INFORMATION GIVEN START

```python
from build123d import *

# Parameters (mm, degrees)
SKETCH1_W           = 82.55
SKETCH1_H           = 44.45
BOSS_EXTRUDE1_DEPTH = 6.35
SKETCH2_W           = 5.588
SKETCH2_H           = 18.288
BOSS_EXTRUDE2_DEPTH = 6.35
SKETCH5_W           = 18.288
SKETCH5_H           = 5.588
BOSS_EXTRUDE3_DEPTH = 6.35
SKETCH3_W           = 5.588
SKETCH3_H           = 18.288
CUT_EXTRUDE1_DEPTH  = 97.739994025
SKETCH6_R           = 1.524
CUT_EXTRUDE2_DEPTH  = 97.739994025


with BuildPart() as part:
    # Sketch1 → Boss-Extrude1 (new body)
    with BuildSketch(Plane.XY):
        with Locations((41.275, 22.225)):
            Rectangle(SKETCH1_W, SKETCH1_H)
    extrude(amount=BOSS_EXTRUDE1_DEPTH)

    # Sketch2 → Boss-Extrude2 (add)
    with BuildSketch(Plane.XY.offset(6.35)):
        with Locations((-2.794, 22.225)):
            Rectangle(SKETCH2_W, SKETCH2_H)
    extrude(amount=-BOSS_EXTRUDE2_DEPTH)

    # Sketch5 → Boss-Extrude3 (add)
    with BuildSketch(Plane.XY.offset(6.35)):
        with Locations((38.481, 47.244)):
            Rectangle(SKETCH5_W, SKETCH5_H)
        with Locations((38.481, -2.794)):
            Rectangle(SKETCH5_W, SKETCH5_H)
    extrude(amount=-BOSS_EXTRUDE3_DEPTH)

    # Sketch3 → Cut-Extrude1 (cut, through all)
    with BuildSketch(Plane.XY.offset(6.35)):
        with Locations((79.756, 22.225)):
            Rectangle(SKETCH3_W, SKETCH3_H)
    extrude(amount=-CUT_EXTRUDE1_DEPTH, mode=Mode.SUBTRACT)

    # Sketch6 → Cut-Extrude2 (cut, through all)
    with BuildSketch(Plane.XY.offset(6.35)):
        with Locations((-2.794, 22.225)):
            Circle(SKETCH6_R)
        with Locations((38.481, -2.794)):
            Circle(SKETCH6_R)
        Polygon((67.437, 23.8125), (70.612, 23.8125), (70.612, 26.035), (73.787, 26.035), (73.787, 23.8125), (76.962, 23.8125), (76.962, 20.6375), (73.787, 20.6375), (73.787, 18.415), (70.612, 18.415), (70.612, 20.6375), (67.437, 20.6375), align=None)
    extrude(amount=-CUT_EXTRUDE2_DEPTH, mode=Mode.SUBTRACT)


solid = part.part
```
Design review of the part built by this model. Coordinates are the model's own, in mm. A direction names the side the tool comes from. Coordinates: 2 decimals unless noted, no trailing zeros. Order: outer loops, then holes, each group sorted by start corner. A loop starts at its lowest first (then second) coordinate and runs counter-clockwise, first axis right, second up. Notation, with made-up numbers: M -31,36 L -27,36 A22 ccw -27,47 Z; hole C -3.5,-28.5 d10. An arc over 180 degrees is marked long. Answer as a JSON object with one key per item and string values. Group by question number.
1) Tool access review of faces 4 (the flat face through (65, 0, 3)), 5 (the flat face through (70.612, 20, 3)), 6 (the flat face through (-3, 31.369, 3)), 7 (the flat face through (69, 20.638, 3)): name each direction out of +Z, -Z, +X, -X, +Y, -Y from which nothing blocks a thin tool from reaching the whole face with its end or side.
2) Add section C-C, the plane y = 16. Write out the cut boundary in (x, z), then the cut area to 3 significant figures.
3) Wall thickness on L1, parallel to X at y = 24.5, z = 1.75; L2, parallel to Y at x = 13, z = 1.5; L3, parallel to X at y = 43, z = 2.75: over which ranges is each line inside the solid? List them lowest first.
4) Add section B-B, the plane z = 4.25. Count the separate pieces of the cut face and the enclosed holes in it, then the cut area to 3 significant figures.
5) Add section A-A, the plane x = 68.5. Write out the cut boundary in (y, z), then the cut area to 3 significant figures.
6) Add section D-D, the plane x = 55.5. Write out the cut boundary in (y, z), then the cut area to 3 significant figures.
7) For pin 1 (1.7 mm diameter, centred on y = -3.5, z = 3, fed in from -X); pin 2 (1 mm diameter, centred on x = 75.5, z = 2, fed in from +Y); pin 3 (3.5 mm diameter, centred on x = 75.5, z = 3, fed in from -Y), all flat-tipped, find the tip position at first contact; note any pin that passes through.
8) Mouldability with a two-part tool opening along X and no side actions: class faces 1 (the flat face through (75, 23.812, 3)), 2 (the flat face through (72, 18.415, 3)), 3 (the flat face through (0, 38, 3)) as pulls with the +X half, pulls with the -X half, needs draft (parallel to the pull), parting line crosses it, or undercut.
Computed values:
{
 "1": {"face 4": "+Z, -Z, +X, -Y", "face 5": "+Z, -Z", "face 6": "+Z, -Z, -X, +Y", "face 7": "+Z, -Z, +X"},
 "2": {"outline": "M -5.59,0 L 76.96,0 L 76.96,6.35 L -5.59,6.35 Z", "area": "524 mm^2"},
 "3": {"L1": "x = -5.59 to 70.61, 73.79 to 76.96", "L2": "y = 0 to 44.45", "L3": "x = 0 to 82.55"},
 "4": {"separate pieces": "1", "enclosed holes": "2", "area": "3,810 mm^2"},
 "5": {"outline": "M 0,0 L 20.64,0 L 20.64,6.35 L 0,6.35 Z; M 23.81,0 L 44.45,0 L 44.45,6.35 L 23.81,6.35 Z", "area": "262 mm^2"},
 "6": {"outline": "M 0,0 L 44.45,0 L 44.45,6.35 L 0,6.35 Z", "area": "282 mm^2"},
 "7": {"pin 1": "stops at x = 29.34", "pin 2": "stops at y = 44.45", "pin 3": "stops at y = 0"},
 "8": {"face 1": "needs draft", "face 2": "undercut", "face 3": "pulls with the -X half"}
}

INFORMATION GIVEN END

▶ _TASK REQUIREMENTS_: Every line of the data above belongs in the answer, unchanged.

▶ _YOUR SOLUTION_:
```python
from build123d import *

# Parameters (mm, degrees)
SKETCH1_W           = 82.55
SKETCH1_H           = 44.45
BOSS_EXTRUDE1_DEPTH = 6.35
SKETCH2_W           = 5.588
SKETCH2_H           = 18.288
BOSS_EXTRUDE2_DEPTH = 6.35
SKETCH5_W           = 18.288
SKETCH5_H           = 5.588
BOSS_EXTRUDE3_DEPTH = 6.35
SKETCH3_W           = 5.588
SKETCH3_H           = 18.288
CUT_EXTRUDE1_DEPTH  = 97.739994025
SKETCH6_R           = 1.524
CUT_EXTRUDE2_DEPTH  = 97.739994025


with BuildPart() as part:
    # Sketch1 → Boss-Extrude1 (new body)
    with BuildSketch(Plane.XY):
        with Locations((41.275, 22.225)):
            Rectangle(SKETCH1_W, SKETCH1_H)
    extrude(amount=BOSS_EXTRUDE1_DEPTH)

    # Sketch2 → Boss-Extrude2 (add)
    with BuildSketch(Plane.XY.offset(6.35)):
        with Locations((-2.794, 22.225)):
            Rectangle(SKETCH2_W, SKETCH2_H)
    extrude(amount=-BOSS_EXTRUDE2_DEPTH)

    # Sketch5 → Boss-Extrude3 (add)
    with BuildSketch(Plane.XY.offset(6.35)):
        with Locations((38.481, 47.244)):
            Rectangle(SKETCH5_W, SKETCH5_H)
        with Locations((38.481, -2.794)):
            Rectangle(SKETCH5_W, SKETCH5_H)
    extrude(amount=-BOSS_EXTRUDE3_DEPTH)

    # Sketch3 → Cut-Extrude1 (cut, through all)
    with BuildSketch(Plane.XY.offset(6.35)):
        with Locations((79.756, 22.225)):
            Rectangle(SKETCH3_W, SKETCH3_H)
    extrude(amount=-CUT_EXTRUDE1_DEPTH, mode=Mode.SUBTRACT)

    # Sketch6 → Cut-Extrude2 (cut, through all)
    with BuildSketch(Plane.XY.offset(6.35)):
        with Locations((-2.794, 22.225)):
            Circle(SKETCH6_R)
        with Locations((38.481, -2.794)):
            Circle(SKETCH6_R)
        Polygon((67.437, 23.8125), (70.612, 23.8125), (70.612, 26.035), (73.787, 26.035), (73.787, 23.8125), (76.962, 23.8125), (76.962, 20.6375), (73.787, 20.6375), (73.787, 18.415), (70.612, 18.415), (70.612, 20.6375), (67.437, 20.6375), align=None)
    extrude(amount=-CUT_EXTRUDE2_DEPTH, mode=Mode.SUBTRACT)


solid = part.part
```
Design review of the part built by this model. Coordinates are the model's own, in mm. A direction names the side the tool comes from. Coordinates: 2 decimals unless noted, no trailing zeros. Order: outer loops, then holes, each group sorted by start corner. A loop starts at its lowest first (then second) coordinate and runs counter-clockwise, first axis right, second up. Notation, with made-up numbers: M -31,36 L -27,36 A22 ccw -27,47 Z; hole C -3.5,-28.5 d10. An arc over 180 degrees is marked long. Answer as a JSON object with one key per item and string values. Group by question number.
1) Tool access review of faces 4 (the flat face through (65, 0, 3)), 5 (the flat face through (70.612, 20, 3)), 6 (the flat face through (-3, 31.369, 3)), 7 (the flat face through (69, 20.638, 3)): name each direction out of +Z, -Z, +X, -X, +Y, -Y from which nothing blocks a thin tool from reaching the whole face with its end or side.
2) Add section C-C, the plane y = 16. Write out the cut boundary in (x, z), then the cut area to 3 significant figures.
3) Wall thickness on L1, parallel to X at y = 24.5, z = 1.75; L2, parallel to Y at x = 13, z = 1.5; L3, parallel to X at y = 43, z = 2.75: over which ranges is each line inside the solid? List them lowest first.
4) Add section B-B, the plane z = 4.25. Count the separate pieces of the cut face and the enclosed holes in it, then the cut area to 3 significant figures.
5) Add section A-A, the plane x = 68.5. Write out the cut boundary in (y, z), then the cut area to 3 significant figures.
6) Add section D-D, the plane x = 55.5. Write out the cut boundary in (y, z), then the cut area to 3 significant figures.
7) For pin 1 (1.7 mm diameter, centred on y = -3.5, z = 3, fed in from -X); pin 2 (1 mm diameter, centred on x = 75.5, z = 2, fed in from +Y); pin 3 (3.5 mm diameter, centred on x = 75.5, z = 3, fed in from -Y), all flat-tipped, find the tip position at first contact; note any pin that passes through.
8) Mouldability with a two-part tool opening along X and no side actions: class faces 1 (the flat face through (75, 23.812, 3)), 2 (the flat face through (72, 18.415, 3)), 3 (the flat face through (0, 38, 3)) as pulls with the +X half, pulls with the -X half, needs draft (parallel to the pull), parting line crosses it, or undercut.
Computed values:
{
 "1": {"face 4": "+Z, -Z, +X, -Y", "face 5": "+Z, -Z", "face 6": "+Z, -Z, -X, +Y", "face 7": "+Z, -Z, +X"},
 "2": {"outline": "M -5.59,0 L 76.96,0 L 76.96,6.35 L -5.59,6.35 Z", "area": "524 mm^2"},
 "3": {"L1": "x = -5.59 to 70.61, 73.79 to 76.96", "L2": "y = 0 to 44.45", "L3": "x = 0 to 82.55"},
 "4": {"separate pieces": "1", "enclosed holes": "2", "area": "3,810 mm^2"},
 "5": {"outline": "M 0,0 L 20.64,0 L 20.64,6.35 L 0,6.35 Z; M 23.81,0 L 44.45,0 L 44.45,6.35 L 23.81,6.35 Z", "area": "262 mm^2"},
 "6": {"outline": "M 0,0 L 44.45,0 L 44.45,6.35 L 0,6.35 Z", "area": "282 mm^2"},
 "7": {"pin 1": "stops at x = 29.34", "pin 2": "stops at y = 44.45", "pin 3": "stops at y = 0"},
 "8": {"face 1": "needs draft", "face 2": "undercut", "face 3": "pulls with the -X half"}
}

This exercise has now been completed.